Our patient appears to fit the clinical description of borderline lepromatous disease, given his extensive, ill-defined skin lesions, his intractable nerve involvement, and the fusiform changes of his digits. His biopsy findings of lymphocytes and macrophages perineurally and numerous bacilli visualized on Fite stain support a diagnosis of borderline leprosy.

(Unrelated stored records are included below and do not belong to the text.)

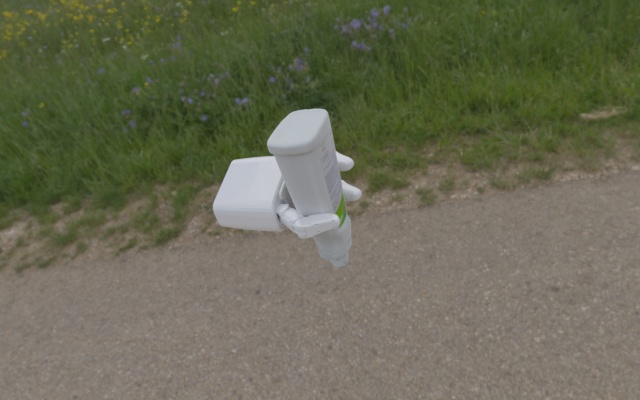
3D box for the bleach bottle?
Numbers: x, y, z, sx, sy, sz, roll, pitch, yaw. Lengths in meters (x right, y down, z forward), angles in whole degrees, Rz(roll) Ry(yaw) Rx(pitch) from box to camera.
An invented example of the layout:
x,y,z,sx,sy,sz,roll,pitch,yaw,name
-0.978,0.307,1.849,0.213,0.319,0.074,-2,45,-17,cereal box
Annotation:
x,y,z,sx,sy,sz,roll,pitch,yaw,name
0.000,0.002,0.684,0.068,0.251,0.102,0,37,22,bleach bottle
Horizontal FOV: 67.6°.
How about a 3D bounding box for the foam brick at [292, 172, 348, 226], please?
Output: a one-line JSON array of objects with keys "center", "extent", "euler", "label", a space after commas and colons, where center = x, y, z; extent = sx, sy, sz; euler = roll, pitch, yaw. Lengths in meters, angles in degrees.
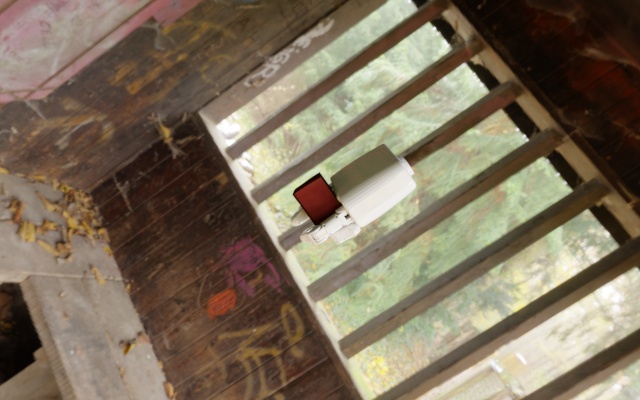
[{"center": [0.000, 0.002, 0.745], "extent": [0.051, 0.078, 0.053], "euler": [-35, 11, 7], "label": "foam brick"}]
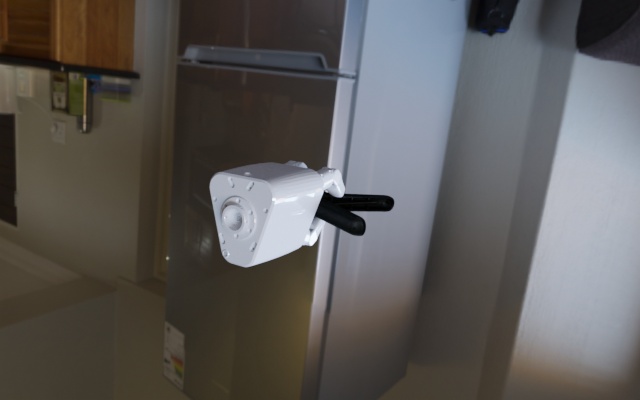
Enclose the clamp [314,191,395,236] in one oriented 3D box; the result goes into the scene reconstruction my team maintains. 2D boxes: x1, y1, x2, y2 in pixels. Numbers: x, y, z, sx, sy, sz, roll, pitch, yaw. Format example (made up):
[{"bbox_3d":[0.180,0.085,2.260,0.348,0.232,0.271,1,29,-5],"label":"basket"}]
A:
[{"bbox_3d":[-0.001,0.003,0.703,0.210,0.036,0.164,13,15,27],"label":"clamp"}]
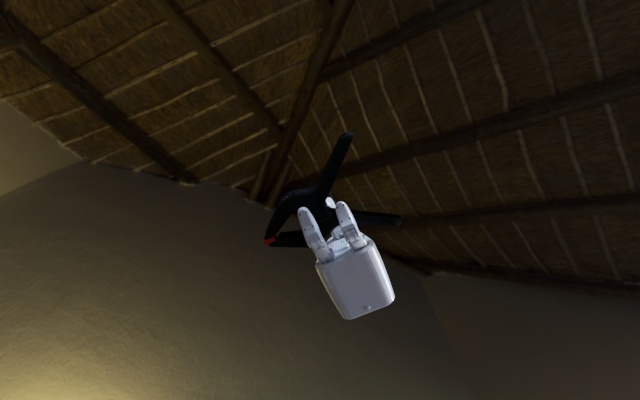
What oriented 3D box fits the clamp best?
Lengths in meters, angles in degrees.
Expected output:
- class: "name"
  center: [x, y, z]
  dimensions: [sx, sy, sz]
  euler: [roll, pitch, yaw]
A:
- class: "clamp"
  center: [0.000, 0.003, 0.727]
  dimensions: [0.210, 0.164, 0.036]
  euler: [-23, 16, 7]
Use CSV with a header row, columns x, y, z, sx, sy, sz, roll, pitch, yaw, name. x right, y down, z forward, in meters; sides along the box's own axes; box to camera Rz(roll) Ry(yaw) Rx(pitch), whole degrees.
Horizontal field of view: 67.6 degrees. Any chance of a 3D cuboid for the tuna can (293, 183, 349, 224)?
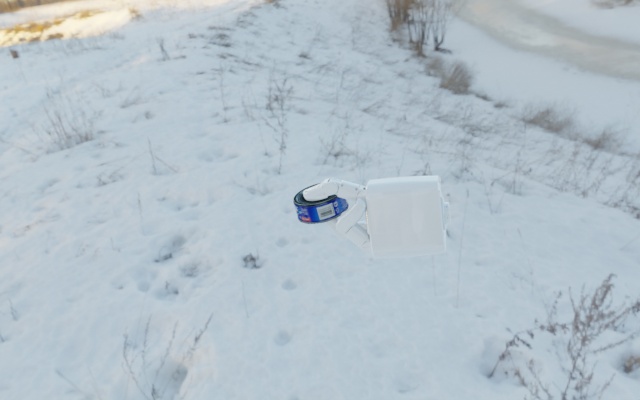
x,y,z,sx,sy,sz,roll,pitch,yaw,name
0.000,0.002,0.767,0.086,0.034,0.086,-13,23,6,tuna can
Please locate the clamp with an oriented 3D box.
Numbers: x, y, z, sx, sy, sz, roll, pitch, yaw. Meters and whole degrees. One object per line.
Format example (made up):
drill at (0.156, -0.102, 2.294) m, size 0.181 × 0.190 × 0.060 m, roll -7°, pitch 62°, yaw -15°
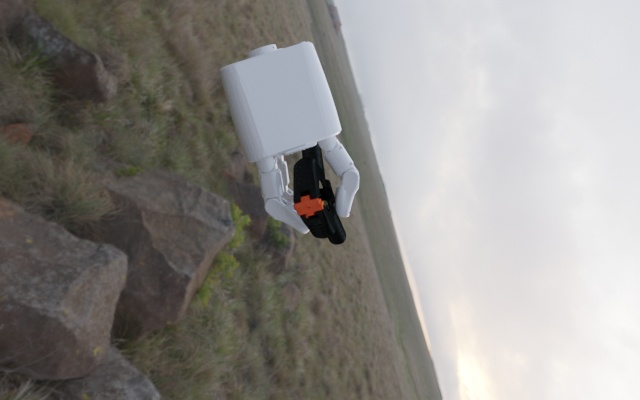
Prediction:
clamp at (0.001, 0.002, 0.580) m, size 0.036 × 0.164 × 0.210 m, roll -16°, pitch 13°, yaw 7°
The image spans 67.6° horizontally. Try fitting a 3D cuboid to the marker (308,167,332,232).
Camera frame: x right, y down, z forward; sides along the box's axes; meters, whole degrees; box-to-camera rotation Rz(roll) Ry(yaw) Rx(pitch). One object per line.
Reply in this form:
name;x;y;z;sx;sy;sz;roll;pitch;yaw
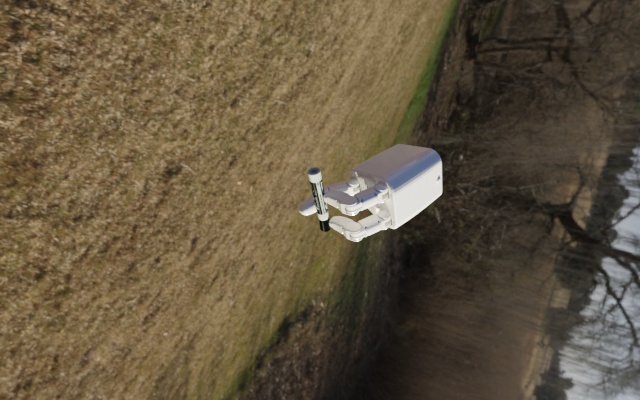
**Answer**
marker;0.000;0.002;0.728;0.020;0.121;0.020;-7;40;6
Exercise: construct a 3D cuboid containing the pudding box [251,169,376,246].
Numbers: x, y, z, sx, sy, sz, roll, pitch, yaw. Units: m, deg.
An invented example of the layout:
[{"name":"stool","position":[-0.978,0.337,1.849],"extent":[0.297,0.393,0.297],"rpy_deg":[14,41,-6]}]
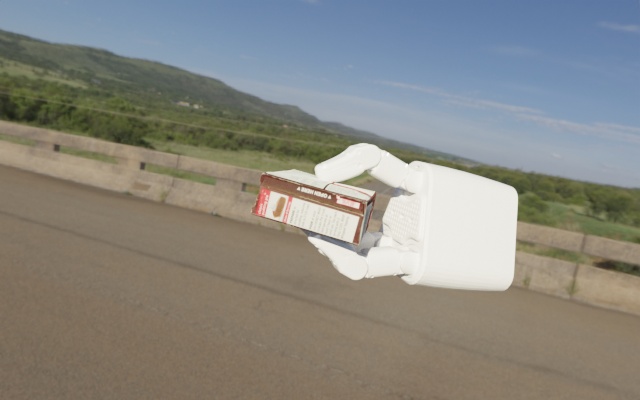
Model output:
[{"name":"pudding box","position":[0.000,0.001,0.419],"extent":[0.090,0.039,0.113],"rpy_deg":[15,6,8]}]
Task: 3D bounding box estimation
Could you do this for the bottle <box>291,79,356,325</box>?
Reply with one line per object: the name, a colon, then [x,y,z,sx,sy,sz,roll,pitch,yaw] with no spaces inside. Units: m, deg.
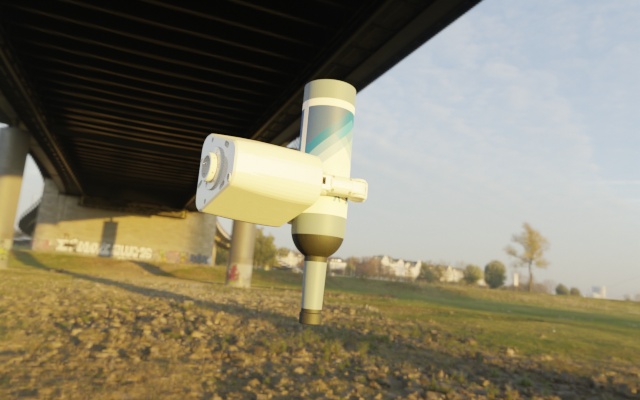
bottle: [0.000,0.002,0.591,0.069,0.295,0.069,5,-9,1]
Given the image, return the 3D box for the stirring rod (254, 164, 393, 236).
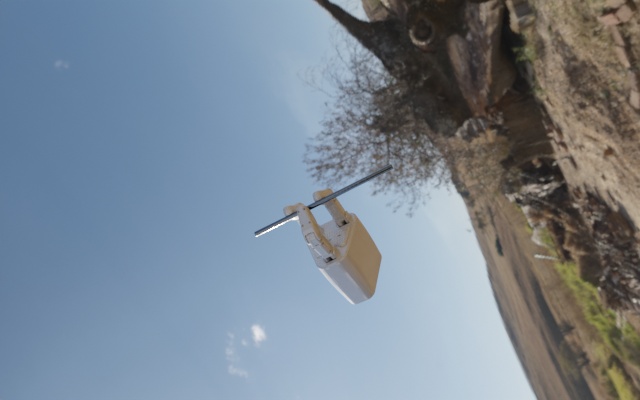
[{"bbox_3d":[0.000,0.002,0.723,0.239,0.011,0.011,-26,-8,17],"label":"stirring rod"}]
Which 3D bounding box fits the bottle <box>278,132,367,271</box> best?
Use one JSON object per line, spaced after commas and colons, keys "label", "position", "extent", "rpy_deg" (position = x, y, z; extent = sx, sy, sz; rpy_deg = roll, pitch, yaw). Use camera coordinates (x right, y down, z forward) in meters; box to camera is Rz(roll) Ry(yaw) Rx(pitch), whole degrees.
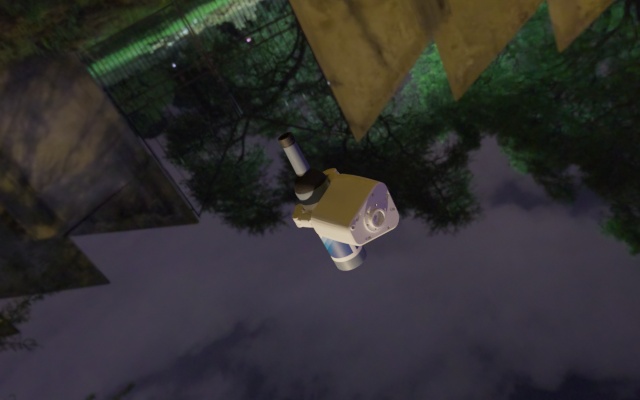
{"label": "bottle", "position": [0.000, 0.003, 0.899], "extent": [0.069, 0.296, 0.069], "rpy_deg": [-22, 27, 12]}
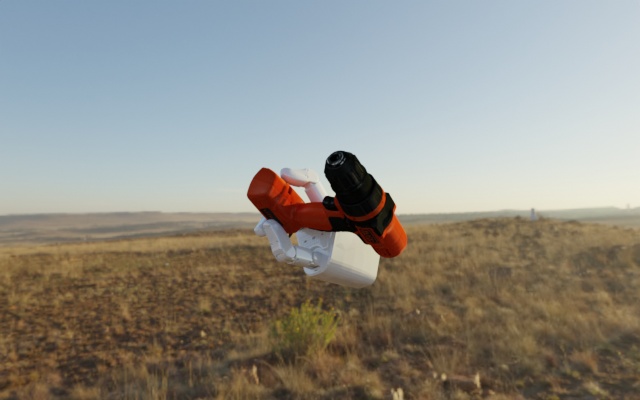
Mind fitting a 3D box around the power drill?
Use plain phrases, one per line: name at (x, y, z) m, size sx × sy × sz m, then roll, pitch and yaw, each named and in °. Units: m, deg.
power drill at (0.000, 0.002, 0.594) m, size 0.187 × 0.057 × 0.184 m, roll 8°, pitch -32°, yaw 37°
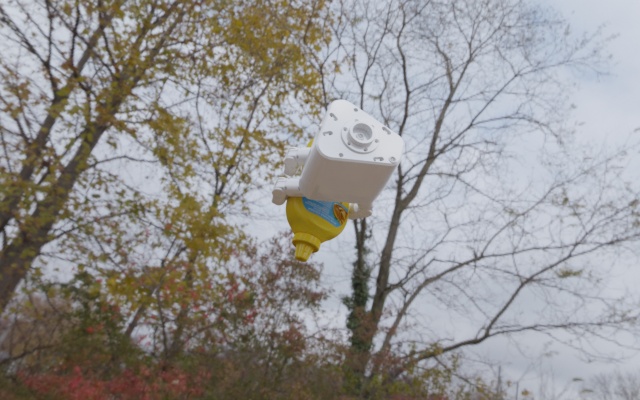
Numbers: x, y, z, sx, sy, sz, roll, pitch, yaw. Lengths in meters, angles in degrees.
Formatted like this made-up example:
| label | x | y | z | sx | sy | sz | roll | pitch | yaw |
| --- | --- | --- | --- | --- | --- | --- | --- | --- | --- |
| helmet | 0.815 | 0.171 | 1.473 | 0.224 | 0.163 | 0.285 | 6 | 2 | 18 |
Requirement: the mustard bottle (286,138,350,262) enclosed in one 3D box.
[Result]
| label | x | y | z | sx | sy | sz | roll | pitch | yaw |
| --- | --- | --- | --- | --- | --- | --- | --- | --- | --- |
| mustard bottle | 0.000 | 0.002 | 0.711 | 0.096 | 0.191 | 0.058 | 32 | -30 | -23 |
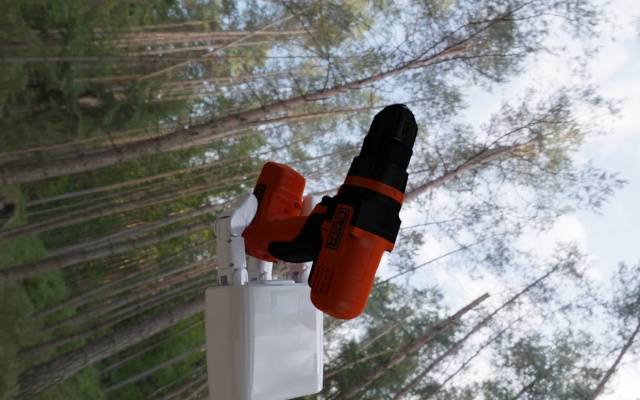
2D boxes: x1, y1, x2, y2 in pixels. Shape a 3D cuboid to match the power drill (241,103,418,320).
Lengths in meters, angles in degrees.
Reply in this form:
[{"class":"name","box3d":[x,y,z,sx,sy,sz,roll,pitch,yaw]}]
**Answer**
[{"class":"power drill","box3d":[0.000,0.002,0.448,0.057,0.184,0.187,27,-11,-32]}]

The range of cutaneous manifestations in leprosy is clearly vast, and thus it can be initially misdiagnosed as other skin diseases [9], especially in non-endemic areas. While our patient exhibited many of the classic findings of Hansen disease, his dermatologic presentation was notable for axillary-sparing. Leprosy tends to favor cooler areas of the body, and thus axillary sparing can be a clue to aid in its diagnosis. Allergic contact dermatitis due to clothing and textiles classically also spares the axillary vault [10]. This case supports the significance of Hansen disease in the differential diagnosis of contact dermatitis, especially when the patient presents with neuropathy, or when the dermatitis is recalcitrant to conventional therapies.